Кто из петербуржцев не помнит какой-то странной, гладким мехом наружу, шубы Гумилева с белыми узорами по низу (такие шубы носят зажиточные лопари). В этой шубе, в шапке с наушниками, в больших тупоносых сапогах, полученных из Кубу (Комиссии по улучшению быта ученых), важный и приветливый Гумилев, обыкновенно окруженный учениками, шел на очередную лекцию в Институт Живого Слова, Дом Искусств, Пролеткульт, Балтфлот и тому подобные учреждения.
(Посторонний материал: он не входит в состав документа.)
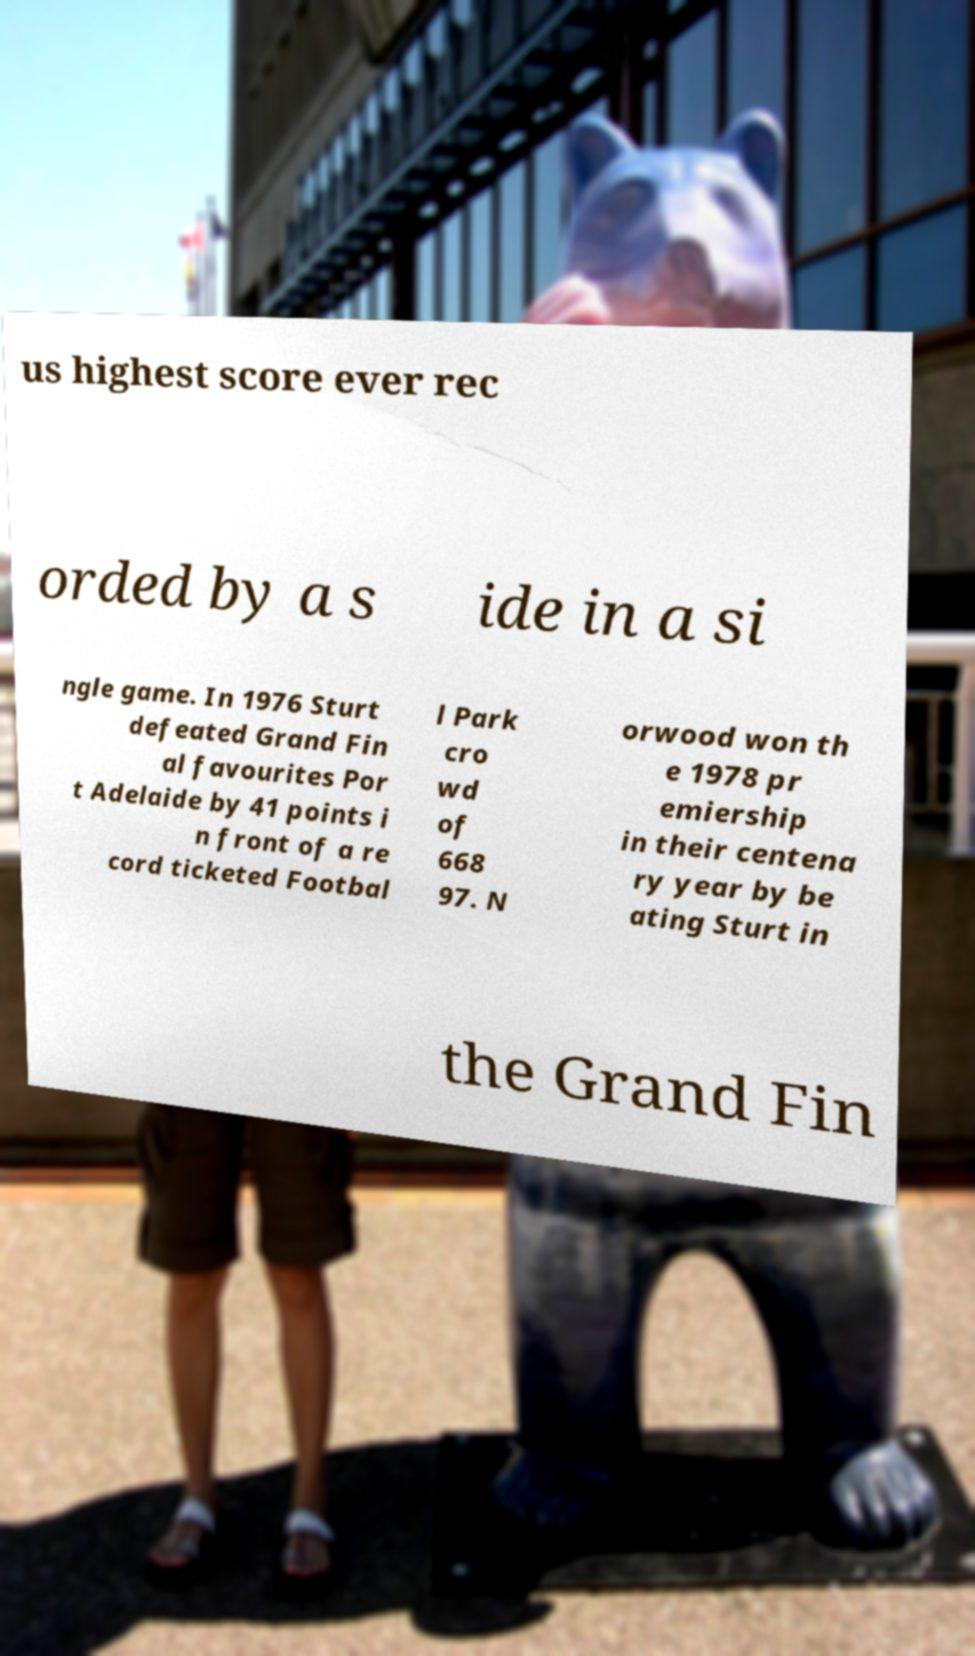Could you assist in decoding the text presented in this image and type it out clearly? us highest score ever rec orded by a s ide in a si ngle game. In 1976 Sturt defeated Grand Fin al favourites Por t Adelaide by 41 points i n front of a re cord ticketed Footbal l Park cro wd of 668 97. N orwood won th e 1978 pr emiership in their centena ry year by be ating Sturt in the Grand Fin

Лекции он, как и все мы, читал почти никогда не снимая шубы, так холодно было в нетопленых аудиториях. Пар валит изо рта, руки синеют, а Гумилев читает о новой поэзии, о французских символистах, учит переводить и даже писать стихи. Делал он это не только затем, чтобы прокормить семью и себя, но и потому, что любил, всем существом любил поэзию и верил, что нужно помочь каждому человеку стихами облегчать свое недоумение, когда спросит он себя: зачем я живу? Для Гумилева стихи были формой религиозного служения.
...Помню ночь у меня на Серпуховской, где в зимы 19-го, 20-го и 21-го гг. и Гумилев, и многие другие поэты бывали очень часто.
Глухо долетают издали пушечные выстрелы (ночь наступления на Кронштадт). Гумилев сидит на ковре, озаренный пламенем печки, я против него тоже на ковре. В доме все спят. Мы стараемся не говорить о происходящем было что-то трагически обреченное в кронштадском движении, как в сопротивлении юнкеров в октябре 1917 года.
Стараемся говорить и говорим об искусстве.
- Я вожусь с малодаровитой молодежью, - отвечает мне Гумилев, - не потому, что хочу сделать их поэтами. Это конечно немыслимо - поэтами рождаются, - я хочу помочь им по человечеству. Разве стихи не облегчают, как будто сбросил с себя что-то. Надо, чтобы все могли лечить себя писанием стихов...
Гумилев не боялся смерти. В стихах он не раз благословлял смерть в бою. Его угнетала лишь расправа с безоружными.
Помню жестокие дни после кронштадского восстания.
На грузовиках вооруженные курсанты везут сотни обезоруженных кронштадских матросов.
С одного грузовика кричат: "Братцы, помогите, расстреливать везут!"
Я схватил Гумилева за руку, Гумилев перекрестился. Сидим на бревнах на Английской набережной, смотрим на льдины, медленно плывущие по Неве. Гумилев печален и озабочен.